He flinched not at the murderous gazes of Chlammy and Fiel. Though Sora told a sad tale as he sat in his chair, Shiro on his lap, his attitude was upbeat. More than upbeat, it was grand—it was with pride that they smiled as they continued! 

“We got fired from our monarch job! We’re unemployed and penniless! Devoid even of the slightest desire to work !!” 

“…Loser…shut-in gamers… That’s…us…!” 

“But we don’t have a house to shut ourselves into! And you ask us what we’re doing? Is this not foolery?!” 

“…The real…question is…what can we do…?” 

“Oh, and when I said we were in trouble, I wasn’t kidding. We’re just about finished as human beings .” 

Chlammy couldn’t help but clear her throat in the face of their zeal. They sneered. 

— Why are you all surprised? 

They had already been the scum of society, Sora and Shiro… “Just about finished as human beings” was far from the lowest they’d gotten!

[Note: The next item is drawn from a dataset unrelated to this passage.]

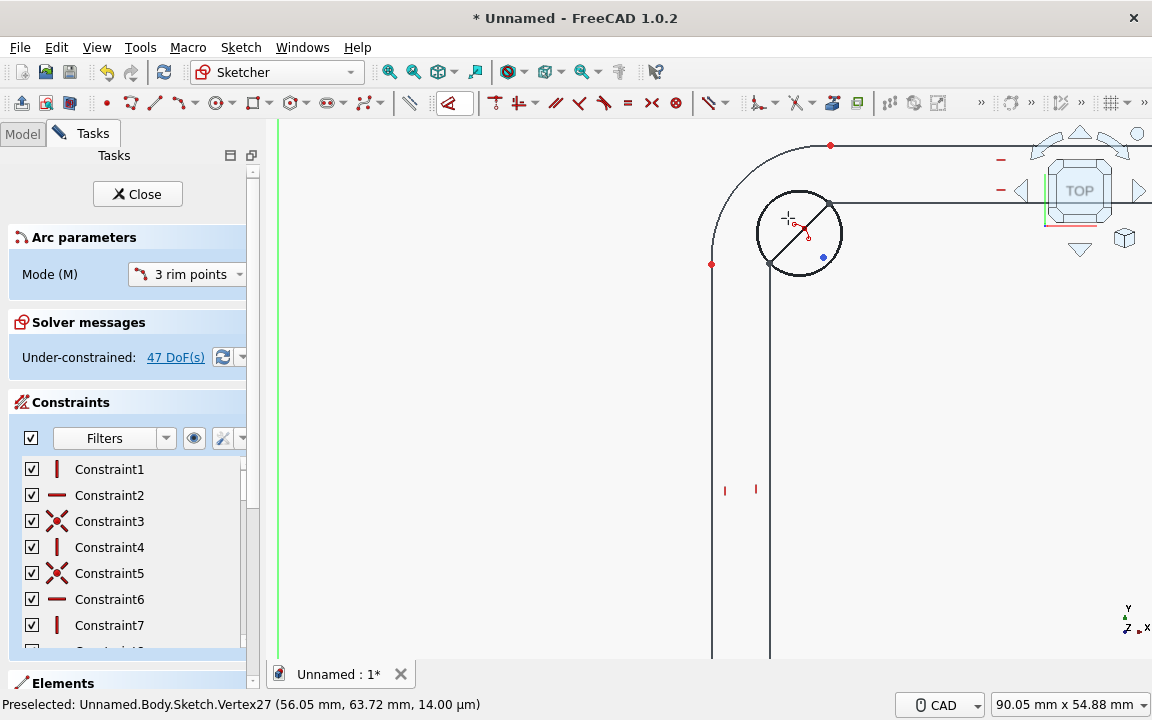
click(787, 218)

At the bottom of the valley, they’d dug a hole into the ground—and fallen through to Disboard, basically. 

“But, you know, when we got to this world— we were just back at the start , right?” 

“In, other words… ‘New Game’ … Playing again…” 

“ ? !” 

Yes, they had lost their throne, their home, and their power, even their value to society. But all that, to them, was just that. Seeing their faces, Chlammy couldn’t help but remember who they were, and it took her breath away. The personal effects they had—smartphones, tablet, portable game console—were vestiges of having lost everything. Those were all they’d had when they landed in Disboard, and now those were what they were playing with. 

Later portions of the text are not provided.